The only thing that kept me from feeling like I had failed myself was knowing that my first instinct had been to go after the guy. I didn’t hesitate. I turned around and confronted him.
The cops currently have him in custody. They tell me that my boyfriend and I did everything exactly right. I’m apparently “the best victim witness” they’ve ever had.
So…achievement unlocked? Best Victim Witness….10 points?
What I truly loathed about the whole encounter is that it had ruined the night. It ruined the true FUN I was having with friends in a place where I was supposed to be able to feel safe. This party was invite-only. I knew a lot of people there. That means this cowardly weenie (who was by himself the whole time) probably knew a friend of mine.
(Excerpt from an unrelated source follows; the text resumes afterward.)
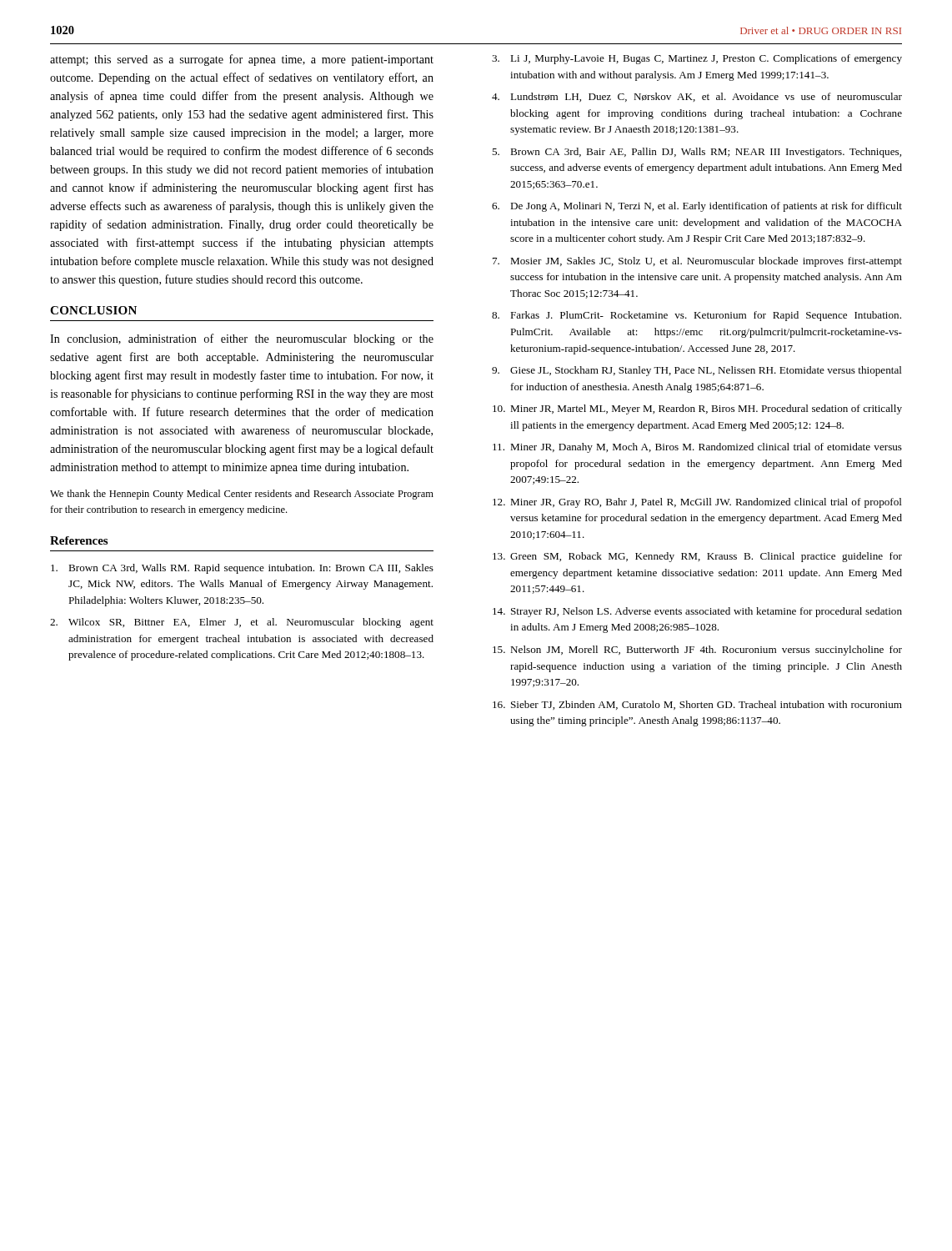This screenshot has height=1251, width=952.
Task: Where is the passage that starts "13. Green SM,"?
Action: [x=697, y=573]

That bothers me. It also bothers me that this unevolved primate ruined not just my night, but the nights of my friends who care about me and made sure I was okay afterward (By the way guys: you know who you are. I love you all). It bothers me that this one single skin tag of a Homo sapien could have that effect and that even now I can still feel his hand on my skin.
Writing this was mostly therapeutic. But I wanted to share what I went through because while I can hope this violation never happens to anyone else, I know it will. Unfortunately, that’s just the world we live in. All I can say to you is that even though a giant part of me still wishes I had knocked that drunken ape’s teeth out of his head, most of me is glad that there is now absolutely no doubt who was, for lack of a better term, a victim. We left the guy in the hands of the police and he is hopefully even at this moment staring at a jail cell wall.
I managed to have the best case scenario: Lots of security around, tons of cameras documenting the action, and a loving boyfriend who knew enough to only make sure that guy wasn’t going anywhere. You may not be so lucky.
But don’t let the guy get away. Don’t convince yourself that it’s not a big deal. If someone does this to you, chances are they’ll do it to someone else. AND IT’S NOT OKAY.
Call the cops. Press charges. It’s worth it.
Oh, and stick around after you identify the jerk. Watching that pimple on humanity’s taint get led away in handcuffs and put into the back of a cop car will make you feel better. I guarantee it.